# Polynomial bounds on chromatic number

# Polynomial bounds on chromatic number

**Online Talk**

The Gyarfas-Sumner conjecture asserts that, for every forest H and integer k, every graph with sufficiently large chromatic number contains either an induced copy of H or a copy of the complete graph K_k. An old result of Rodl shows that the statement is true if instead of K_k we ask for a complete bipartite graph K_{t,t} (as a subgraph, so not necessarily induced). The bounds in Rodl's theorem (and in most known cases of the Gyarfas-Sumner conjecture) are quite large.
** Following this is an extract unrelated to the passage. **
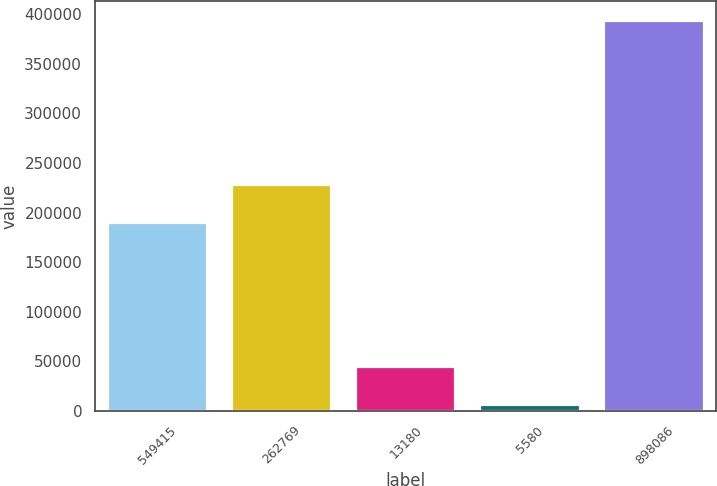<chart> <loc_0><loc_0><loc_500><loc_500><bar_chart><fcel>549415<fcel>262769<fcel>13180<fcel>5580<fcel>898086<nl><fcel>189149<fcel>227990<fcel>44099.1<fcel>5258<fcel>393669<nl></chart>

Here we address the question: when can they be taken to be polynomial? A polynomial version of Rodl's theorem is known for paths: Bonamy, Bousquet, Pilipczuk, Rzazewski, Thomasse and Walczak proved that for every path H there is a polynomial f such that if G has chromatic number at least f(t) then G contains either an induced copy of H or a complete bipartite subgraph K_{t,t}. We show that in fact Rodl's theorem holds with polynomial bounds for every forest H. We will also discuss cases where a polynomial version of the Gyarfas-Sumner conjecture is known, and the relationship with the Erdos-Hajnal conjecture. Includes joint work with Maria Chudnovsky, Paul Seymour and Sophie Spirkl.